Localização/Armazenamento: Dependendo da situação das cópias, estas poderão ser locais se os suportes forem armazenados nas mesmas instalações onde o sistema de informações está localizado, remotos se forem armazenados em um salão diferente e externos se forem feitos pela Internet e armazenados em servidores externos ao corpo docente. As instalações de armazenamento local devem ter a máxima segurança física, por exemplo, através do uso de armários à prova de fogo com chave e nas condições ambientais corretas.
Suporte: é o objeto físico que armazena ou contém dados ou documentos, ou um objeto que pode ser tratado em um sistema de informações e no qual os dados podem ser registrados e recuperados. O tipo de mídia de armazenamento que melhor atende às necessidades específicas do sistema em questão deve ser escolhido.

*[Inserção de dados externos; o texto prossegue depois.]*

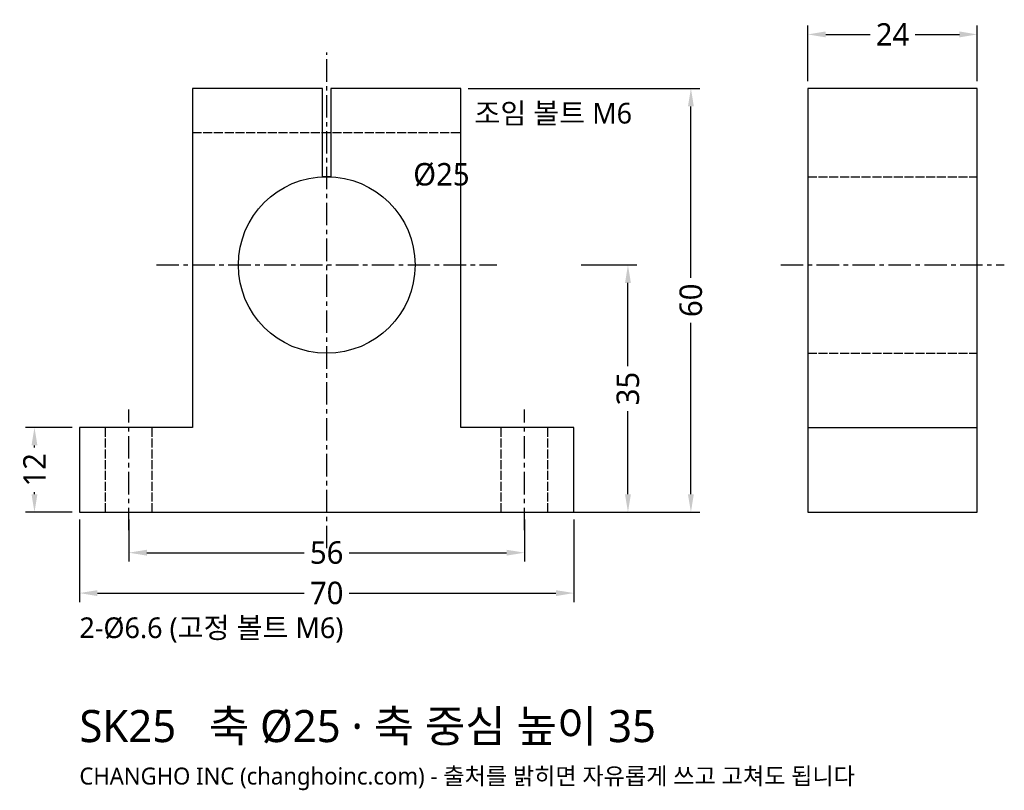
# Model space of a CAD drawing. Header units: millimetres. Extents: x -43 to 96, y -39 to 70.
import ezdxf

# ---------------------------------------------------------------- set-up
doc = ezdxf.new("R2010")
doc.units = ezdxf.units.MM
doc.linetypes.add('CENTER', pattern=[5.08, 3.175, -0.635, 0.635, -0.635])
doc.linetypes.add('DASHED', pattern=[1.524, 1.27, -0.254])
for name, color, linetype in [('문자', 7, 'CONTINUOUS'), ('숨은선', 3, 'DASHED'), ('외형선', 7, 'CONTINUOUS'), ('중심선', 1, 'CENTER'), ('치수', 4, 'CONTINUOUS')]:
    doc.layers.add(name, color=color, linetype=linetype)
doc.styles.add('CH_KOR', font='malgun.ttf')
doc.dimstyles.new('CH_DIM', dxfattribs={"dimtxt": 2.5, "dimasz": 2, "dimexe": 1, "dimexo": 0.8, "dimgap": 0.8, "dimtad": 1, "dimdec": 1, "dimdsep": 46, "dimtxsty": 'CH_KOR', "dimcen": 2.5, "dimclrd": 4, "dimclre": 4, "dimclrt": 4, "dimazin": 3, "dimtfac": 1, "dimtmove": 0, "dimatfit": 3})

# ---------------------------------------------------------------- blocks, each defined once
blk = doc.blocks.new('_CLOSEDFILLED')
at = {"color": 0, "linetype": 'BYBLOCK'}
blk.add_solid([(-1, 0.164), (0, 0), (-1, -0.164)], dxfattribs=at)
blk = doc.blocks.new('*D1')
at = {"color": 4}
for p, q in [((-35, -1.02), (-35, -12.73)), ((35, -1.02), (35, -12.73)), ((-32.45, -11.45), (-3.18, -11.45)), ((3.18, -11.45), (32.45, -11.45))]:
    blk.add_line(p, q, dxfattribs=at)
at = {"layer": 'Defpoints'}
for p in [(-35, 0), (35, 0), (-35, -11.45)]:
    blk.add_point(p, dxfattribs=at)
at = {"layer": '치수', "color": 4, "xscale": 2.5454545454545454, "yscale": 2.5454545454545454, "rotation": 180}
blk.add_blockref('_CLOSEDFILLED', (-35, -11.45), dxfattribs=at)
at = {"layer": '치수', "color": 4, "xscale": 2.5454545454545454, "yscale": 2.5454545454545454}
blk.add_blockref('_CLOSEDFILLED', (35, -11.45), dxfattribs=at)
at = {"layer": '치수', "color": 4, "insert": (0, -11.45), "char_height": 3.182, "attachment_point": 5, "style": 'CH_KOR'}
blk.add_mtext('70', dxfattribs=at)
blk = doc.blocks.new('*D2')
at = {"color": 4}
for p, q in [((-28, -1.02), (-28, -7)), ((28, -1.02), (28, -7)), ((-25.45, -5.73), (-3.18, -5.73)), ((3.18, -5.73), (25.45, -5.73))]:
    blk.add_line(p, q, dxfattribs=at)
at = {"layer": 'Defpoints'}
for p in [(-28, 0), (28, 0), (-28, -5.73)]:
    blk.add_point(p, dxfattribs=at)
at = {"layer": '치수', "color": 4, "xscale": 2.5454545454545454, "yscale": 2.5454545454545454, "rotation": 180}
blk.add_blockref('_CLOSEDFILLED', (-28, -5.73), dxfattribs=at)
at = {"layer": '치수', "color": 4, "xscale": 2.5454545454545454, "yscale": 2.5454545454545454}
blk.add_blockref('_CLOSEDFILLED', (28, -5.73), dxfattribs=at)
at = {"layer": '치수', "color": 4, "insert": (0, -5.73), "char_height": 3.182, "attachment_point": 5, "style": 'CH_KOR'}
blk.add_mtext('56', dxfattribs=at)
blk = doc.blocks.new('*D3')
at = {"color": 4}
for p, q in [((36.02, 35), (43.91, 35)), ((42.64, 20.68), (42.64, 32.45)), ((42.64, 2.55), (42.64, 14.32)), ((36.02, 0), (43.91, 0))]:
    blk.add_line(p, q, dxfattribs=at)
at = {"layer": 'Defpoints'}
for p in [(35, 35), (35, 0), (42.64, 0)]:
    blk.add_point(p, dxfattribs=at)
at = {"layer": '치수', "color": 4, "xscale": 2.5454545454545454, "yscale": 2.5454545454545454}
for p, rotation in [((42.64, 35), 90), ((42.64, 0), 270)]:
    blk.add_blockref('_CLOSEDFILLED', p, dxfattribs=dict(at, rotation=rotation))
at = {"layer": '치수', "color": 4, "insert": (42.64, 17.5), "char_height": 3.182, "attachment_point": 5, "rotation": 90, "style": 'CH_KOR'}
blk.add_mtext('35', dxfattribs=at)
blk = doc.blocks.new('*D4')
at = {"color": 4}
for p, q in [((20.02, 60), (52.82, 60)), ((51.55, 33.18), (51.55, 57.45)), ((51.55, 2.55), (51.55, 26.82)), ((20.02, 0), (52.82, 0))]:
    blk.add_line(p, q, dxfattribs=at)
at = {"layer": 'Defpoints'}
for p in [(19, 60), (19, 0), (51.55, 0)]:
    blk.add_point(p, dxfattribs=at)
at = {"layer": '치수', "color": 4, "xscale": 2.5454545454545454, "yscale": 2.5454545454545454}
for p, rotation in [((51.55, 60), 90), ((51.55, 0), 270)]:
    blk.add_blockref('_CLOSEDFILLED', p, dxfattribs=dict(at, rotation=rotation))
at = {"layer": '치수', "color": 4, "insert": (51.55, 30), "char_height": 3.182, "attachment_point": 5, "rotation": 90, "style": 'CH_KOR'}
blk.add_mtext('60', dxfattribs=at)
blk = doc.blocks.new('*D5')
at = {"color": 4}
for p, q in [((-36.02, 12), (-42.64, 12)), ((-41.36, 9.18), (-41.36, 9.45)), ((-41.36, 2.55), (-41.36, 2.82)), ((-36.02, 0), (-42.64, 0))]:
    blk.add_line(p, q, dxfattribs=at)
at = {"layer": 'Defpoints'}
for p in [(-35, 12), (-41.36, 0), (-35, 0)]:
    blk.add_point(p, dxfattribs=at)
at = {"layer": '치수', "color": 4, "xscale": 2.5454545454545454, "yscale": 2.5454545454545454}
for p, rotation in [((-41.36, 12), 90), ((-41.36, 0), 270)]:
    blk.add_blockref('_CLOSEDFILLED', p, dxfattribs=dict(at, rotation=rotation))
at = {"layer": '치수', "color": 4, "insert": (-41.36, 6), "char_height": 3.182, "attachment_point": 5, "rotation": 90, "style": 'CH_KOR'}
blk.add_mtext('12', dxfattribs=at)
blk = doc.blocks.new('*D6')
at = {"color": 4}
for p, q in [((68.09, 61.02), (68.09, 68.91)), ((92.09, 61.02), (92.09, 68.91)), ((70.64, 67.64), (76.91, 67.64)), ((83.27, 67.64), (89.55, 67.64))]:
    blk.add_line(p, q, dxfattribs=at)
at = {"layer": 'Defpoints'}
for p in [(68.09, 67.64), (68.09, 60), (92.09, 60)]:
    blk.add_point(p, dxfattribs=at)
at = {"layer": '치수', "color": 4, "xscale": 2.5454545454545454, "yscale": 2.5454545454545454, "rotation": 180}
blk.add_blockref('_CLOSEDFILLED', (68.09, 67.64), dxfattribs=at)
at = {"layer": '치수', "color": 4, "xscale": 2.5454545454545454, "yscale": 2.5454545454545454}
blk.add_blockref('_CLOSEDFILLED', (92.09, 67.64), dxfattribs=at)
at = {"layer": '치수', "color": 4, "insert": (80.09, 67.64), "char_height": 3.182, "attachment_point": 5, "style": 'CH_KOR'}
blk.add_mtext('24', dxfattribs=at)

msp = doc.modelspace()

# ---------------------------------------------------------------- linework, layer by layer
at = {"layer": '숨은선'}
for p, q in [((-19, 53.75), (19, 53.75)), ((68.09, 47.5), (92.09, 47.5)), ((68.09, 22.5), (92.09, 22.5)), ((-31.3, 0), (-31.3, 12)), ((-24.7, 0), (-24.7, 12)), ((24.7, 0), (24.7, 12)), ((31.3, 0), (31.3, 12))]:
    msp.add_line(p, q, dxfattribs=at)
at = {"layer": '외형선'}
msp.add_line((68.09, 12), (92.09, 12), dxfattribs=at)
for points in [[(-35, 0), (35, 0), (35, 12), (19, 12), (19, 60), (0.6, 60), (0.6, 47.5), (-0.6, 47.5), (-0.6, 60), (-19, 60), (-19, 12), (-35, 12)], [(68.09, 0), (92.09, 0), (92.09, 60), (68.09, 60)]]:
    msp.add_lwpolyline(points, close=True, dxfattribs=at)
msp.add_circle((0, 35), 12.5, dxfattribs=at)
at = {"layer": '중심선'}
for p, q in [((0, -5.09), (0, 65.09)), ((-24.09, 35), (24.09, 35)), ((64.27, 35), (95.91, 35)), ((-28, -2.55), (-28, 14.55)), ((28, -2.55), (28, 14.55))]:
    msp.add_line(p, q, dxfattribs=at)

# ---------------------------------------------------------------- texts
at = {"layer": '문자', "style": 'CH_KOR'}
for s, height, p in [('조임 볼트 M6', 2.927, (20.91, 55.02)), ('Ø25', 3.182, (12.25, 46.25)), ('2-Ø6.6 (고정 볼트 M6)', 2.9273, (-35, -17.82)), ('SK25   축 Ø25 · 축 중심 높이 35', 4.55, (-35, -32.55)), ('CHANGHO INC (changhoinc.com) - 출처를 밝히면 자유롭게 쓰고 고쳐도 됩니다', 2.4, (-35, -38.55))]:
    msp.add_text(s, height=height, dxfattribs=at).set_placement(p)

# ---------------------------------------------------------------- dimensions: what is measured, and where the dimension line sits
at = {"layer": '치수'}
for base, p1, p2, picture, middle in [((68.09, 67.64), (68.09, 60), (92.09, 60), '*D6', (80.09, 67.64)), ((-35, -11.45), (-35, 0), (35, 0), '*D1', (0, -11.45)), ((-28, -5.73), (-28, 0), (28, 0), '*D2', (0, -5.73))]:
    dim = msp.add_linear_dim(base=base, p1=p1, p2=p2, dimstyle='CH_DIM', override={"dimscale": 1.272727}, dxfattribs=at)
    dim.commit()
    dim.dimension.update_dxf_attribs({"geometry": picture, "text_midpoint": middle})
for base, p1, p2, picture, middle in [((51.55, 0), (19, 0), (19, 60), '*D4', (51.55, 30)), ((42.64, 0), (35, 0), (35, 35), '*D3', (42.64, 17.5)), ((-41.36, 0), (-35, 0), (-35, 12), '*D5', (-41.36, 6))]:
    dim = msp.add_linear_dim(base=base, p1=p1, p2=p2, angle=90, dimstyle='CH_DIM', override={"dimscale": 1.272727}, dxfattribs=at)
    dim.commit()
    dim.dimension.update_dxf_attribs({"geometry": picture, "text_midpoint": middle})

doc.saveas('drawing.dxf')

Estratégia: Pode ser permanente ou girar os suportes. Quanto mais simples o esquema estratégico, mais fácil é manter. Por exemplo, faça cópias incrementais durante a semana, de segunda a sábado, e complete aos domingos, etc.
Software: A ferramenta usada para fazer as cópias deve suportar as características que foram planejadas de acordo com as necessidades. As cópias podem ser agendadas com tarefas usando scripts de linha de comando ou com software específico (gratuito ou investir em sistemas de cópia comerciais).
Pré-tarefas: Ações a serem executadas antes do backup. Ex. Fechar aplicativos para uma cópia correta, desativar serviços, etc.
Pós-tarefas: Ações a serem executadas no final da cópia de backup. Por exemplo, ligue ou reinicie um serviço.
Origem: Onde estão as informações a serem copiadas (máquina / rota)? Previsão de crescimento?
Destino: Em qual suporte ou máquina/rota as cópias serão feitas?
Controle de cópias/Supervisão: É MUITO IMPORTANTE verificar a correta execução das cópias. Revisar logs, suportar e executar testes de integridade em informações copiadas é uma parte fundamental do procedimento.